Rousing Olympic tribute
Date published: 14 March 2012
Oldham Symphony Orchestra
A varied and colourful programme of music from all over the world designed to celebrate the 2012 Olympic Games, delighted the ears of those old and young alike who made up the audience which filled the Salvation Army hall in Failsworth.
Led by former OSO conductor, James Morrison, in the absence of the orchestra’s regular leader, Ann Heeks, and with the items being introduced by compere Dennis Bourne, the Olympic scene was set by the Czech composer, Julius Fuik’s well-known Entrance of the Gladiators.
Guest conductor, Alpesh Chauhan, ensured that the message of striving for excellence and brilliance came across in every note, as indeed he was to do throughout the concert.
Music from a different kind of gladiatorial contest followed in the form of Richard Wagner’s Prelude to his opera Die Meistersingers, which is all about competition between singers. It was unfortunate that the shape and structure of the auditorium on this occasion prevented the rich polyphony of this music from being heard as clearly as it might.

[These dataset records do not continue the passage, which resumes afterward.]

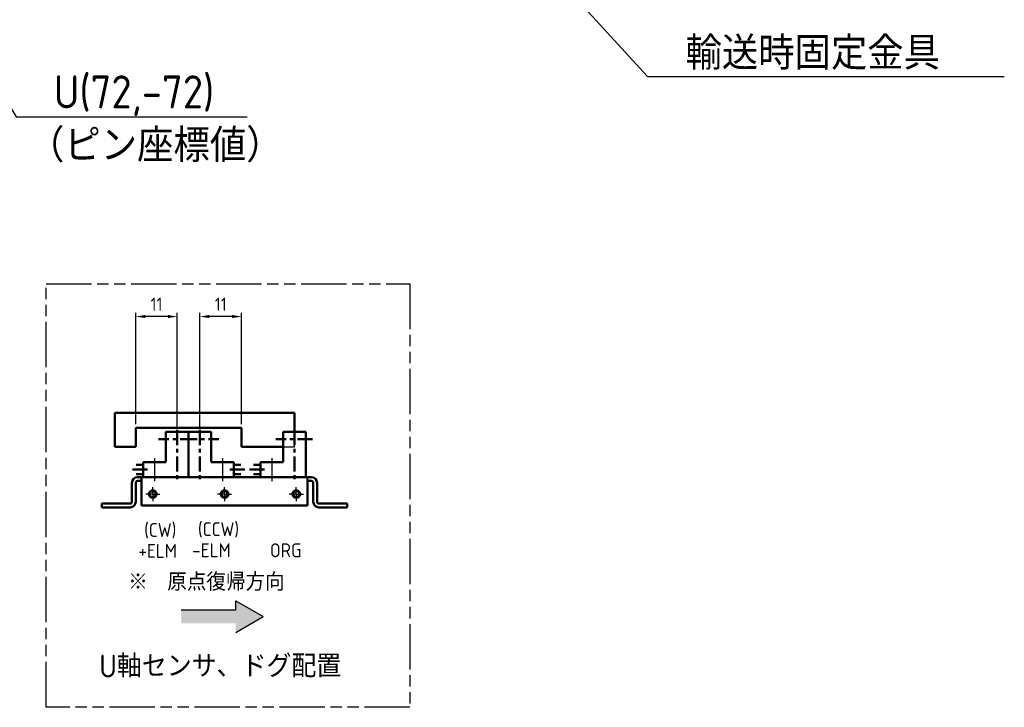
# Model space of a CAD drawing. Header units: millimetres. Extents: x 2047 to 2934, y 1574 to 2163.
# Tile 12 of 16: x 2593 to 2854, y 1574 to 1756. Entities that reach past the tile are written whole.
import ezdxf
from ezdxf import colors
from ezdxf.entities.mleader import LeaderData, LeaderLine
from ezdxf.math import Vec2, Vec3

# ---------------------------------------------------------------- set-up
doc = ezdxf.new("R2010")
doc.units = ezdxf.units.MM
for name, pattern in [('AM_ISO02W050', [7.5, 6, -1.5]), ('AM_ISO02W050x2', [3.75, 3, -0.75]), ('AM_ISO08W050', [18, 12, -1.5, 3, -1.5]), ('AM_ISO08W050x2', [9, 6, -0.75, 1.5, -0.75]), ('AM_ISO09W050', [22.5, 12, -1.5, 3, -1.5, 3, -1.5]), ('CENTER', [7, 4, -1, 1, -1]), ('GEN3', [6.25, 4.75, -1.5])]:
    doc.linetypes.add(name, pattern=pattern)
for name, color, linetype in [('1', 14, 'Continuous'), ('3', 6, 'GEN3'), ('6', 2, 'Continuous')]:
    doc.layers.add(name, color=color, linetype=linetype)
for name, color, linetype, lineweight in [('AM_0', 7, 'Continuous', 50), ('AM_0N', 7, 'Continuous', 50), ('AM_11', 3, 'AM_ISO09W050', 25), ('AM_3', 6, 'AM_ISO02W050', 25), ('AM_5', 3, 'Continuous', 25), ('AM_6', 2, 'Continuous', 35), ('AM_7', 4, 'AM_ISO08W050', 25)]:
    doc.layers.add(name, color=color, linetype=linetype, lineweight=lineweight)
doc.styles.get("Standard").update_dxf_attribs({"font": 'isocp.shx', "bigfont": 'extfont.shx'})

# ---------------------------------------------------------------- blocks, each defined once
blk = doc.blocks.new('16112522')
at = {"color": 4, "linetype": 'CENTER'}
for p, q in [((63658.54, 15936.15), (63658.54, 15922.59)), ((63653.76, 15933.66), (63663.49, 15933.66)), ((63666.44, 15925.66), (63671.3, 15925.66))]:
    blk.add_line(p, q, dxfattribs=at)
at = {"color": 7, "linetype": 'Continuous'}
for p, q in [((63655.54, 15923.66), (63655.54, 15935.66)), ((63655.54, 15935.66), (63661.54, 15935.66)), ((63661.54, 15935.66), (63661.54, 15927.66)), ((63661.54, 15927.66), (63667.54, 15927.66)), ((63667.54, 15923.66), (63667.54, 15927.66)), ((63669.39, 15926.91), (63667.54, 15926.91)), ((63655.54, 15923.66), (63667.54, 15923.66)), ((63667.54, 15924.41), (63669.39, 15924.41))]:
    blk.add_line(p, q, dxfattribs=at)
at = {"layer": 'AM_7'}
blk.add_line((63664.54, 15928.68), (63664.54, 15922.59), dxfattribs=at)

msp = doc.modelspace()

# ---------------------------------------------------------------- hatches: boundary and pattern name
at = {"layer": '6'}
msp.add_hatch(color=256, dxfattribs=at).paths.add_polyline_path([(2650.554, 1602.14), (2657.829, 1597.94), (2650.554, 1593.74), (2650.554, 1596.14), (2636.154, 1596.14), (2636.154, 1599.74), (2650.554, 1599.74)])

# ---------------------------------------------------------------- linework, layer by layer
at = {"layer": '1', "color": 2, "linetype": 'CENTER'}
for p, q in [((2635.107, 1645.752), (2635.107, 1643.952)), ((2641.107, 1645.752), (2641.107, 1643.952)), ((2666.109, 1645.752), (2666.109, 1643.952))]:
    msp.add_line(p, q, dxfattribs=at)
at = {"layer": '1', "color": 7}
for p, q in [((2627.607, 1634.852), (2638.107, 1634.852)), ((2659.107, 1634.852), (2669.607, 1634.852))]:
    msp.add_line(p, q, dxfattribs=at)
at = {"layer": '3'}
msp.add_line((2625.607, 1634.852), (2625.607, 1633.852), dxfattribs=at)
at = {"layer": '6'}
for p, q in [((2650.554, 1599.74), (2650.554, 1602.14)), ((2650.554, 1602.14), (2657.829, 1597.94)), ((2636.154, 1599.74), (2650.554, 1599.74)), ((2650.554, 1593.74), (2657.829, 1597.94))]:
    msp.add_line(p, q, dxfattribs=at)
at = {"layer": 'AM_0'}
for p, q in [((2618.607, 1642.851), (2618.607, 1651.851)), ((2618.607, 1651.851), (2666.109, 1651.851)), ((2666.109, 1646.852), (2666.109, 1651.851)), ((2624.107, 1647.851), (2652.107, 1647.851)), ((2624.107, 1642.851), (2624.107, 1647.851)), ((2652.107, 1647.851), (2652.107, 1642.851)), ((2624.107, 1642.851), (2618.607, 1642.851)), ((2663.109, 1642.851), (2652.107, 1642.851)), ((2670.607, 1634.852), (2624.607, 1634.852)), ((2625.607, 1634.852), (2625.607, 1627.352)), ((2669.607, 1627.352), (2669.607, 1634.852)), ((2623.107, 1633.352), (2623.107, 1628.352)), ((2624.107, 1628.352), (2624.107, 1633.352)), ((2624.607, 1633.852), (2625.607, 1633.852)), ((2669.607, 1633.852), (2670.607, 1633.852)), ((2671.107, 1633.352), (2671.107, 1628.352)), ((2672.107, 1628.352), (2672.107, 1633.352)), ((2622.607, 1627.852), (2615.107, 1627.852)), ((2615.107, 1627.852), (2615.107, 1626.852)), ((2615.107, 1626.852), (2622.607, 1626.852)), ((2625.607, 1627.352), (2669.607, 1627.352)), ((2680.107, 1627.852), (2672.607, 1627.852)), ((2672.607, 1626.852), (2680.107, 1626.852)), ((2680.107, 1626.852), (2680.107, 1627.852))]:
    msp.add_line(p, q, dxfattribs=at)
for centre, radius in [((2628.607, 1630.352), 1), ((2628.607, 1630.352), 0.8), ((2647.607, 1630.352), 1), ((2647.607, 1630.352), 0.8), ((2666.607, 1630.352), 1), ((2666.607, 1630.352), 0.8)]:
    msp.add_circle(centre, radius, dxfattribs=at)
for centre, radius, start, end in [((2624.607, 1633.352), 1.5, 90, 180), ((2670.607, 1633.352), 1.5, 0, 90), ((2624.607, 1633.352), 0.5, 90, 180), ((2670.607, 1633.352), 0.5, 0, 90), ((2622.607, 1628.352), 0.5, 270, 0), ((2622.607, 1628.352), 1.5, 270, 0), ((2672.607, 1628.352), 1.5, 180, 270), ((2672.607, 1628.352), 0.5, 180, 270)]:
    msp.add_arc(centre, radius, start, end, dxfattribs=at)
at = {"layer": 'AM_0N'}
for p, q in [((2616.357, 1627.852), (2617.607, 1627.852)), ((2617.607, 1627.852), (2620.607, 1627.852))]:
    msp.add_line(p, q, dxfattribs=at)
at = {"layer": 'AM_11'}
for p, q in [((2600.368, 1573.952), (2600.368, 1685.989)), ((2600.368, 1685.989), (2696.637, 1685.989)), ((2696.637, 1685.989), (2696.637, 1573.952)), ((2696.637, 1573.952), (2600.368, 1573.952))]:
    msp.add_line(p, q, dxfattribs=at)
at = {"layer": 'AM_3', "linetype": 'AM_ISO02W050x2'}
for p, q in [((2666.109, 1642.851), (2666.109, 1646.852)), ((2663.109, 1642.851), (2666.109, 1642.851))]:
    msp.add_line(p, q, dxfattribs=at)
at = {"layer": 'AM_5'}
for p, q in [((2624.107, 1648.851), (2624.107, 1678.338)), ((2635.107, 1647.852), (2635.107, 1678.338)), ((2641.107, 1647.852), (2641.107, 1678.338)), ((2652.107, 1648.851), (2652.107, 1678.338)), ((2632.607, 1677.338), (2626.607, 1677.338)), ((2649.607, 1677.338), (2643.607, 1677.338))]:
    msp.add_line(p, q, dxfattribs=at)
for points in [[(2626.607, 1677.755), (2626.607, 1676.921), (2624.107, 1677.338)], [(2632.607, 1677.755), (2632.607, 1676.921), (2635.107, 1677.338)], [(2643.607, 1677.755), (2643.607, 1676.921), (2641.107, 1677.338)], [(2649.607, 1677.755), (2649.607, 1676.921), (2652.107, 1677.338)]]:
    msp.add_solid(points, dxfattribs=at)
at = {"layer": 'AM_7', "linetype": 'AM_ISO08W050x2'}
for p, q in [((2628.607, 1630.352), (2628.607, 1632.223)), ((2647.607, 1630.352), (2647.607, 1632.223)), ((2666.607, 1630.352), (2666.607, 1632.223)), ((2628.607, 1630.352), (2626.737, 1630.352)), ((2628.607, 1630.352), (2630.478, 1630.352)), ((2628.607, 1630.352), (2628.607, 1628.482)), ((2647.607, 1630.352), (2645.737, 1630.352)), ((2647.607, 1630.352), (2649.478, 1630.352)), ((2647.607, 1630.352), (2647.607, 1628.482)), ((2666.607, 1630.352), (2664.737, 1630.352)), ((2666.607, 1630.352), (2668.478, 1630.352)), ((2666.607, 1630.352), (2666.607, 1628.482))]:
    msp.add_line(p, q, dxfattribs=at)

# ---------------------------------------------------------------- block references
at = {"layer": 'AM_0', "xscale": -1}
for p in [(66293.648, -14288.81), (66324.649, -14288.81)]:
    msp.add_blockref('16112522', p, dxfattribs=at)
at = {"layer": 'AM_0'}
msp.add_blockref('16112522', (-61017.434, -14288.81), dxfattribs=at)

# ---------------------------------------------------------------- texts
at = {"layer": '6'}
for s, height, p in [('※\u3000原点復帰方向', 4.7029, (2622.116, 1604.776)), ('U軸センサ、ドグ配置', 6, (2614.462, 1581.851))]:
    msp.add_text(s, height=height, dxfattribs=at).set_placement(p)
at = {"layer": 'AM_5', "color": 2, "char_height": 3.5, "attachment_point": 5}
for insert in [(2629.607, 1680.588), (2646.607, 1680.588)]:
    msp.add_mtext('11', dxfattribs=dict(at, insert=insert))
at = {"layer": 'AM_6'}
for s, p in [('(CW)', (2626.337, 1619.027)), ('(CCW)', (2640.565, 1619.232)), ('+ELM', (2624.807, 1613.496)), ('-ELM', (2639.038, 1613.659)), ('ORG', (2659.63, 1613.649))]:
    msp.add_text(s, height=3.675, dxfattribs=at).set_placement(p)
at = {"layer": 'AM_6', "insert": (2595.595, 1726.979), "char_height": 8.75, "width": 92.65741, "attachment_point": 1}
msp.add_mtext('（ピン座標値）', dxfattribs=at)

# ---------------------------------------------------------------- leaders
at = {"layer": 'AM_6'}
ml = msp.add_multileader_mtext('Standard', dxfattribs=at)
ml.set_content('U(72,-72)', color=256)
ml.set_leader_properties()
ml.build(insert=Vec2(0, 0))
ml.multileader.update_dxf_attribs({"text_left_attachment_type": 5})
ctx = ml.context
ctx.base_point, ctx.char_height, ctx.plane_origin = Vec3(2600.437, 1730.212), 8.75, Vec3(2774.568, 1805.83)
ctx.left_attachment = 5
notes = []
notes.append((ctx, [(1, (1, 1, 0), (2592.437, 1730.212), (1, 0), 8, [(0, [(2547.571, 1804.867)], 0, [])])]))
ctx.mtext.insert, ctx.mtext.flow_direction = Vec3(2602.437, 1741.15), 5
ml = msp.add_multileader_mtext('Standard', dxfattribs=at)
ml.set_content('輸送時固定金具', color=256)
ml.set_leader_properties()
ml.build(insert=Vec2(0, 0))
ml.multileader.update_dxf_attribs({"text_left_attachment_type": 5, "text_right_attachment_type": 5})
ctx = ml.context
ctx.base_point, ctx.char_height, ctx.plane_origin = Vec3(2767.595, 1740.886), 8.75, Vec3(2740.295, 1761.867)
ctx.left_attachment, ctx.right_attachment = 5, 5
notes.append((ctx, [(0, (1, 1, 0), (2759.595, 1740.886), (1, 0), 8, [(0, [(2740.295, 1761.867)], 0, [])])]))
ctx.mtext.insert, ctx.mtext.flow_direction = Vec3(2769.595, 1751.386), 5
for ctx, leaders in notes:
    for number, flags, end, landing, length, lines in leaders:
        leader = LeaderData()
        leader.index, (leader.has_last_leader_line, leader.has_dogleg_vector, leader.attachment_direction) = number, flags
        leader.last_leader_point, leader.dogleg_vector, leader.dogleg_length = Vec3(end), Vec3(landing), length
        for number, points, colour, breaks in lines:
            line = LeaderLine()
            line.index, line.vertices, line.color, line.breaks = number, Vec3.list(points), colors.encode_raw_color(colour), breaks
            leader.lines.append(line)
        ctx.leaders.append(leader)

doc.saveas('drawing.dxf')

Such a disadvantage did not prevent the two works by the eccentric Australian, Percy Grainger, Australian Country Tune and Molly on the Shore from making an immediate impact by the melodic and rhythmic vitality well displayed by the orchestra ’s woodwind and string sections respectively.
And the first of Edward Elgar’s melancholic Dream Children miniatures, fully orchestral, was splendidly shaped and polished.
The first half of the concert ended with a performance of the first movement of the Violin Concerto written by the Soviet composer Dmitri Kabalevsky.
The soloist was 19-year old former Oldham Music Centre student and up-and-coming violin and “beatboxing” star, Farhan Shah, who deftly and assuredly made his instrument sing and dance to everyone ’s delight.
The second half of the concert began with the orchestra’s brass section excelling itself in the Hymn and Triumphal March from Giuseppi Verdi ’s opera Aida. The work which followed, Georges Bizet’s Suite No. 1 from Carmen, gave prominence to oboist, trumpeter and bassoonist — all of whom responded splendidly to their exposure.
What came next proved to be, for this reviewer at least, the highlight of the concert. Covent Garden (Tarantelle) and Knightsbridge (March) from the Englishman, Eric Coates’s orchestral suite London Every Day, were played with exemplary rhythmic precision and tonal balance, and sounded a very clearly English call to musical arms as this Olympic year continues towards the Games themselves.
What could follow such an outpouring of Englishness? Well, the concert was brought to a quite rousing conclusion with a performance of a work by the Chinese composer, Li Huanzhi, his Spring Festival Overture, a delightful outpouring of optimistic sounds celebrating what for us in the West is known as the Chinese New Year.